Pusat Kota London menjadi saksi bisu demonstrasi akbar yang diklaim sebagai aksi anti-ekstrem kanan terbesar dalam sejarah Inggris. Ratusan ribu orang tumpah ruah ke jalan, bersatu menyuarakan penolakan terhadap gelombang politik kebencian dan perpecahan yang kian mengkhawatirkan, mengirimkan pesan kuat ke Gedung Parlemen.
Sabtu lalu, lautan manusia membanjiri jantung kota London, bergerak menuju kawasan Whitehall dekat Gedung Parlemen. Mereka adalah bagian dari apa yang disebut Aliansi Bersama (Together Alliance), koalisi sekitar 500 kelompok yang meliputi serikat pekerja, aktivis antirasisme, dan perwakilan komunitas Muslim, yang semuanya menyatukan suara dari berbagai latar belakang dan usia.
Meski klaim penyelenggara menyebutkan setengah juta peserta, kepolisian Metropolitan London memperkirakan sekitar 50.000 orang. Perbedaan angka ini wajar mengingat luasnya area aksi dan sulitnya penghitungan akurat di tengah kerumunan yang menyebar luas. Aksi ini sendiri diwarnai oleh kehadiran kelompok kecil kontra-demonstran yang mengibarkan bendera Israel dan bendera monarki Iran pra-1979.
Aksi ini bukan sekadar unjuk rasa biasa, melainkan respons tegas terhadap bangkitnya politik sayap kanan di Inggris, termasuk figur-figur seperti Nigel Farage dari Partai Reformasi. Para demonstran khawatir rasisme dan Islamofobia telah bergeser dari pinggiran menjadi arus utama politik, bahkan didorong oleh sebagian anggota parlemen.
Seorang aktivis serikat pekerja, Aadam Muuse, menegaskan pentingnya aksi ini untuk 'melawan balik' pengaruh Farage dan para pengikutnya, menyerukan kekalahan partai populis tersebut di kotak suara. Sementara itu, seorang demonstran lain, Hamja Ahsan, menggambarkan suasana seperti Karnaval Notting Hill, menandakan persatuan berbagai latar belakang untuk menunjukkan bahwa 'sayap kanan tidak akan mengambil alih jalanan kami'.
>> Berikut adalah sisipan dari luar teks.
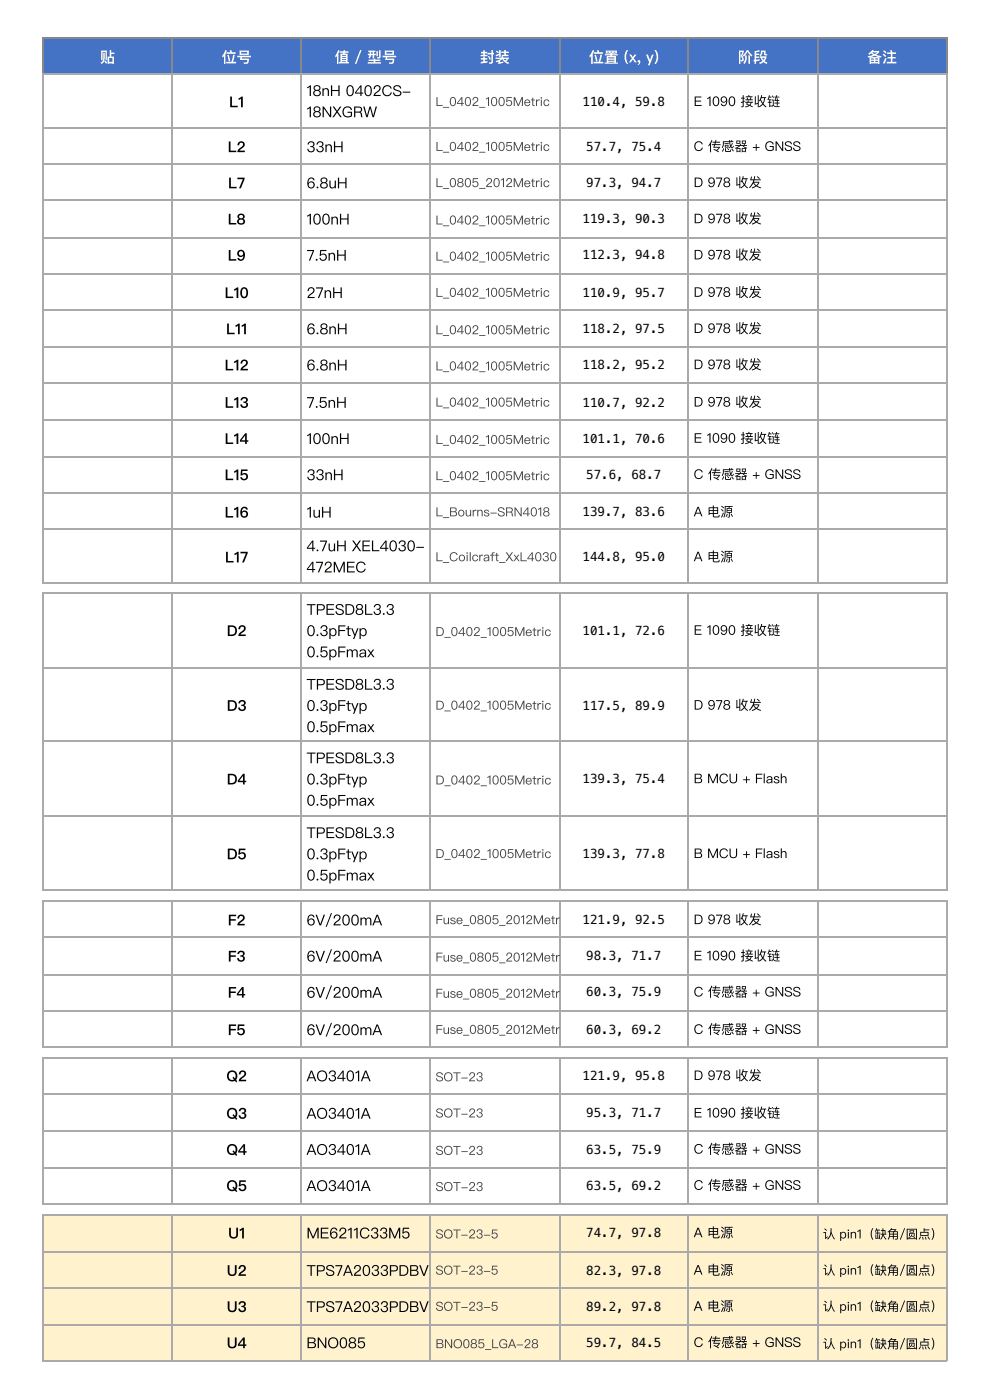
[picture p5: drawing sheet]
<svg xmlns="http://www.w3.org/2000/svg" width="210mm" height="297mm" viewBox="0 0 210 297" stroke-linecap="round" stroke-linejoin="round" font-family="sans-serif">
<defs><g id="words">
<g font-size="3.2" fill="#fff">
<text x="21.2" y="13.2">贴</text>
<text x="47" y="13.2">位号</text>
<text x="70.9" y="13.2">值 / 型号</text>
<text x="101.7" y="13.2">封装</text>
<text x="124.9" y="13.2">位置 (x, y)</text>
<text x="156.5" y="13.2">阶段</text>
<text x="183.8" y="13.2">备注</text>
</g>
<g font-size="3.2">
<text x="48.6" y="22.8">L1</text>
<text x="65" y="20.4">18nH 0402CS-</text>
<text x="65" y="24.9">18NXGRW</text>
<text x="48.3" y="32.3">L2</text>
<text x="65" y="32.3">33nH</text>
<text x="48.4" y="40">L7</text>
<text x="65" y="40">6.8uH</text>
<text x="48.3" y="47.6">L8</text>
<text x="65" y="47.6">100nH</text>
<text x="48.3" y="55.3">L9</text>
<text x="65" y="55.3">7.5nH</text>
<text x="47.6" y="63.2">L10</text>
<text x="65" y="63.2">27nH</text>
<text x="47.9" y="70.9">L11</text>
<text x="65" y="70.9">6.8nH</text>
<text x="47.6" y="78.6">L12</text>
<text x="65" y="78.6">6.8nH</text>
<text x="47.6" y="86.5">L13</text>
<text x="65" y="86.5">7.5nH</text>
<text x="47.6" y="94.2">L14</text>
<text x="65" y="94.2">100nH</text>
<text x="47.6" y="101.9">L15</text>
<text x="65" y="101.9">33nH</text>
<text x="47.6" y="109.8">L16</text>
<text x="65" y="109.8">1uH</text>
<text x="47.7" y="119.3">L17</text>
<text x="65" y="116.9">4.7uH XEL4030-</text>
<text x="65" y="121.4">472MEC</text>
<text x="65" y="130.4">TPESD8L3.3</text>
<text x="48.1" y="134.9">D2</text>
<text x="65" y="134.9">0.3pFtyp</text>
<text x="65" y="139.4">0.5pFmax</text>
<text x="65" y="146.3">TPESD8L3.3</text>
<text x="48.1" y="150.8">D3</text>
<text x="65" y="150.8">0.3pFtyp</text>
<text x="65" y="155.3">0.5pFmax</text>
<text x="65" y="161.9">TPESD8L3.3</text>
<text x="48.1" y="166.4">D4</text>
<text x="65" y="166.4">0.3pFtyp</text>
<text x="65" y="170.9">0.5pFmax</text>
<text x="65" y="177.8">TPESD8L3.3</text>
<text x="48.1" y="182.3">D5</text>
<text x="65" y="182.3">0.3pFtyp</text>
<text x="65" y="186.8">0.5pFmax</text>
<text x="48.3" y="196.3">F2</text>
<text x="65" y="196.3">6V/200mA</text>
<text x="48.3" y="204">F3</text>
<text x="65" y="204">6V/200mA</text>
<text x="48.3" y="211.7">F4</text>
<text x="65" y="211.7">6V/200mA</text>
<text x="48.3" y="219.6">F5</text>
<text x="65" y="219.6">6V/200mA</text>
<text x="48" y="229.4">Q2</text>
<text x="65" y="229.4">AO3401A</text>
<text x="48" y="237.3">Q3</text>
<text x="65" y="237.3">AO3401A</text>
<text x="48" y="245">Q4</text>
<text x="65" y="245">AO3401A</text>
<text x="48" y="252.7">Q5</text>
<text x="65" y="252.7">AO3401A</text>
<text x="48.4" y="262.7">U1</text>
<text x="65" y="262.7">ME6211C33M5</text>
<text x="48.1" y="270.7">U2</text>
<text x="65" y="270.7">TPS7A2033PDBV</text>
<text x="48.1" y="278.3">U3</text>
<text x="65" y="278.3">TPS7A2033PDBV</text>
<text x="48.1" y="286">U4</text>
<text x="65" y="286">BNO085</text>
</g>
<g font-size="2.8">
<text x="147.1" y="22.5">E 1090 接收链</text>
<text x="147.1" y="32">C 传感器 + GNSS</text>
<text x="147.1" y="39.7">D 978 收发</text>
<text x="147.1" y="47.4">D 978 收发</text>
<text x="147.1" y="55">D 978 收发</text>
<text x="147.1" y="63">D 978 收发</text>
<text x="147.1" y="70.6">D 978 收发</text>
<text x="147.1" y="78.3">D 978 收发</text>
<text x="147.1" y="86.3">D 978 收发</text>
<text x="147.1" y="93.9">E 1090 接收链</text>
<text x="147.1" y="101.6">C 传感器 + GNSS</text>
<text x="147.1" y="109.5">A 电源</text>
<text x="147.1" y="119.1">A 电源</text>
<text x="147.1" y="134.7">E 1090 接收链</text>
<text x="147.1" y="150.5">D 978 收发</text>
<text x="147.1" y="166.2">B MCU + Flash</text>
<text x="147.1" y="182">B MCU + Flash</text>
<text x="147.1" y="196.1">D 978 收发</text>
<text x="147.1" y="203.7">E 1090 接收链</text>
<text x="147.1" y="211.4">C 传感器 + GNSS</text>
<text x="147.1" y="219.3">C 传感器 + GNSS</text>
<text x="147.1" y="229.1">D 978 收发</text>
<text x="147.1" y="237.1">E 1090 接收链</text>
<text x="147.1" y="244.7">C 传感器 + GNSS</text>
<text x="147.1" y="252.4">C 传感器 + GNSS</text>
<text x="147.1" y="262.5">A 电源</text>
<text x="147.1" y="270.4">A 电源</text>
<text x="147.1" y="278.1">A 电源</text>
<text x="147.1" y="285.8">C 传感器 + GNSS</text>
</g>
<g font-size="2.6" fill="#444">
<text x="92.3" y="22.5">L_0402_1005Metric</text>
<text x="92.3" y="32">L_0402_1005Metric</text>
<text x="92.3" y="39.7">L_0805_2012Metric</text>
<text x="92.3" y="47.6">L_0402_1005Metric</text>
<text x="92.3" y="55.3">L_0402_1005Metric</text>
<text x="92.3" y="63">L_0402_1005Metric</text>
<text x="92.3" y="70.9">L_0402_1005Metric</text>
<text x="92.3" y="78.6">L_0402_1005Metric</text>
<text x="92.3" y="86.3">L_0402_1005Metric</text>
<text x="92.3" y="94.2">L_0402_1005Metric</text>
<text x="92.3" y="101.9">L_0402_1005Metric</text>
<text x="92.3" y="109.5">L_Bourns-SRN4018</text>
<text x="92.3" y="119.1">L_Coilcraft_XxL4030</text>
<text x="92.3" y="134.9">D_0402_1005Metric</text>
<text x="92.3" y="150.5">D_0402_1005Metric</text>
<text x="92.3" y="166.4">D_0402_1005Metric</text>
<text x="92.3" y="182">D_0402_1005Metric</text>
<text x="92.3" y="196.1">Fuse_0805_2012Metr</text>
<text x="92.3" y="204">Fuse_0805_2012Metr</text>
<text x="92.3" y="211.7">Fuse_0805_2012Metr</text>
<text x="92.3" y="219.3">Fuse_0805_2012Metr</text>
<text x="92.3" y="229.4">SOT-23</text>
<text x="92.3" y="237.1">SOT-23</text>
<text x="92.3" y="245">SOT-23</text>
<text x="92.3" y="252.7">SOT-23</text>
<text x="92.3" y="262.7">SOT-23-5</text>
<text x="92.3" y="270.4">SOT-23-5</text>
<text x="92.3" y="278.1">SOT-23-5</text>
<text x="92.3" y="286">BNO085_LGA-28</text>
</g>
<g font-size="2.6">
<text x="123.5" y="22.5">110.4, 59.8</text>
<text x="124.3" y="32">57.7, 75.4</text>
<text x="124.3" y="39.7">97.3, 94.7</text>
<text x="123.5" y="47.4">119.3, 90.3</text>
<text x="123.5" y="55">112.3, 94.8</text>
<text x="123.5" y="63">110.9, 95.7</text>
<text x="123.5" y="70.6">118.2, 97.5</text>
<text x="123.5" y="78.3">118.2, 95.2</text>
<text x="123.5" y="86.3">110.7, 92.2</text>
<text x="123.5" y="93.9">101.1, 70.6</text>
<text x="124.3" y="101.6">57.6, 68.7</text>
<text x="123.5" y="109.5">139.7, 83.6</text>
<text x="123.5" y="119.1">144.8, 95.0</text>
<text x="123.5" y="134.7">101.1, 72.6</text>
<text x="123.5" y="150.5">117.5, 89.9</text>
<text x="123.5" y="166.2">139.3, 75.4</text>
<text x="123.5" y="182">139.3, 77.8</text>
<text x="123.5" y="196.1">121.9, 92.5</text>
<text x="124.3" y="203.7">98.3, 71.7</text>
<text x="124.3" y="211.4">60.3, 75.9</text>
<text x="124.3" y="219.3">60.3, 69.2</text>
<text x="123.5" y="229.1">121.9, 95.8</text>
<text x="124.3" y="237.1">95.3, 71.7</text>
<text x="124.3" y="244.7">63.5, 75.9</text>
<text x="124.3" y="252.4">63.5, 69.2</text>
<text x="124.3" y="262.5">74.7, 97.8</text>
<text x="174.4" y="262.7">认 pin1（缺角/圆点）</text>
<text x="124.3" y="270.4">82.3, 97.8</text>
<text x="174.4" y="270.4">认 pin1（缺角/圆点）</text>
<text x="124.3" y="278.1">89.2, 97.8</text>
<text x="174.4" y="278.1">认 pin1（缺角/圆点）</text>
<text x="124.3" y="285.8">59.7, 84.5</text>
<text x="174.4" y="286">认 pin1（缺角/圆点）</text>
</g>
</g></defs>
<g fill="#4472c4">
<path d="M9.3 8.2h27.2v7.7h-27.2z"/>
<path d="M36.5 8.2h27.3v7.7h-27.3z"/>
<path d="M63.8 8.2h27.5v7.7h-27.5z"/>
<path d="M91.3 8.2h27.2v7.7h-27.2z"/>
<path d="M118.5 8.2h27.5v7.7h-27.5z"/>
<path d="M146 8.2h27.3v7.7h-27.3z"/>
<path d="M173.3 8.2h27.5v7.7h-27.5z"/>
</g>
<g fill="#fff2cc">
<path d="M9.3 257.9h27v7.5h-27z"/>
<path d="M36.5 257.9h27.3v7.5h-27.3z"/>
<path d="M64 257.9h27.1v7.5h-27.1z"/>
<path d="M91.3 257.9h27.2v7.5h-27.2z"/>
<path d="M118.7 257.9h27.1v7.5h-27.1z"/>
<path d="M146 257.9h27.3v7.5h-27.3z"/>
<path d="M173.5 257.9h27.1v7.5h-27.1z"/>
<path d="M9.3 265.6h27v7.5h-27z"/>
<path d="M36.5 265.6h27.3v7.5h-27.3z"/>
<path d="M64 265.6h27.1v7.5h-27.1z"/>
<path d="M91.3 265.6h27.2v7.5h-27.2z"/>
<path d="M118.7 265.6h27.1v7.5h-27.1z"/>
<path d="M146 265.6h27.3v7.5h-27.3z"/>
<path d="M173.5 265.6h27.1v7.5h-27.1z"/>
<path d="M9.3 273.3h27v7.7h-27z"/>
<path d="M36.5 273.3h27.3v7.7h-27.3z"/>
<path d="M64 273.3h27.1v7.7h-27.1z"/>
<path d="M91.3 273.3h27.2v7.7h-27.2z"/>
<path d="M118.7 273.3h27.1v7.7h-27.1z"/>
<path d="M146 273.3h27.3v7.7h-27.3z"/>
<path d="M173.5 273.3h27.1v7.7h-27.1z"/>
<path d="M9.3 281.2h27v7.5h-27z"/>
<path d="M36.5 281.2h27.3v7.5h-27.3z"/>
<path d="M64 281.2h27.1v7.5h-27.1z"/>
<path d="M91.3 281.2h27.2v7.5h-27.2z"/>
<path d="M118.7 281.2h27.1v7.5h-27.1z"/>
<path d="M146 281.2h27.3v7.5h-27.3z"/>
<path d="M173.5 281.2h27.1v7.5h-27.1z"/>
</g>
<path d="M9 8.1h191.8M9 15.7h191.8M9.1 7.9v8M36.4 7.9v8M63.9 7.9v8M91.1 7.9v8M118.7 7.9v8M145.9 7.9v8M173.4 7.9v8M200.7 7.9v8" fill="none" stroke="#888" stroke-width=".26"/>
<g fill="none" stroke="#aaa" stroke-width=".26">
<path d="M9 15.7h191.8M9.1 15.6v108.2M36.4 15.6v108.2M63.9 15.6v108.2M91.1 15.6v108.2M118.7 15.6v108.2M145.9 15.6v108.2M173.4 15.6v108.2M200.7 15.6v108.2M9 27.1h191.8M9 34.8h191.8M9 42.5h191.8"/>
<path d="M9 50.4h191.8M9 58.1h191.8M9 65.7h191.8M9 73.7h191.8M9 81.4h191.8M9 89h191.8M9 97h191.8M9 104.6h191.8M9 112.3h191.8M9 123.7h191.8M9 125.8h191.8M9.1 125.7v63.2"/>
<path d="M36.4 125.7v63.2M63.9 125.7v63.2M91.1 125.7v63.2M118.7 125.7v63.2M145.9 125.7v63.2M173.4 125.7v63.2M200.7 125.7v63.2M9 141.7h191.8M9 157.3h191.8M9 173.2h191.8M9 188.8h191.8M9 191.2h191.8"/>
<path d="M9 198.8h191.8M9.1 191v31.3M36.4 191v31.3M63.9 191v31.3M91.1 191v31.3M118.7 191v31.3M145.9 191v31.3M173.4 191v31.3M200.7 191v31.3M9 206.8h191.8M9 214.4h191.8M9 222.1h191.8"/>
<path d="M9 224.5h191.8M9 232.2h191.8M9 239.8h191.8M9.1 224.4v31.2M36.4 224.4v31.2M63.9 224.4v31.2M91.1 224.4v31.2M118.7 224.4v31.2M145.9 224.4v31.2M173.4 224.4v31.2M200.7 224.4v31.2M9 247.8h191.8"/>
<path d="M9 255.5h191.8M9 257.8h191.8M9.1 257.7v31M36.4 257.7v31M63.9 257.7v31M91.1 257.7v31M118.7 257.7v31M145.9 257.7v31M173.4 257.7v31M200.7 257.7v31M9 265.5h191.8M9 273.2h191.8"/>
<path d="M9 281.1h191.8M9 288.8h191.8"/>
</g>
<use href="#words"/>
</svg>

Para politisi sayap kiri yang turut hadir, seperti Jeremy Corbyn dan Zarah Sultana, juga menyoroti akar masalah yang lebih dalam: sistem ekonomi yang timpang, yang menguntungkan korporasi dan miliarder, sebagai pemicu ketidakpuasan, bukan imigran atau pengungsi. Ini menunjukkan bahwa isu ekstrem kanan di Inggris tidak hanya soal sentimen identitas, tetapi juga terkait erat dengan kesenjangan sosial-ekonomi.
Gelombang protes ini menjadi indikator kuat bahwa masyarakat sipil tidak tinggal diam melihat pergeseran politik ke arah ekstrem. Ini mengirimkan pesan penting kepada para pembuat kebijakan dan partai politik bahwa narasi kebencian dan perpecahan memiliki penentangan yang masif. Di tengah tren naiknya popularitas partai populis sayap kanan di berbagai negara Eropa, aksi di London ini bisa jadi sinyal harapan bagi gerakan penolakan ekstremisme di benua tersebut, sekaligus menjadi pengingat bahwa kekuatan kolektif masyarakat dapat menantang narasi yang memecah belah.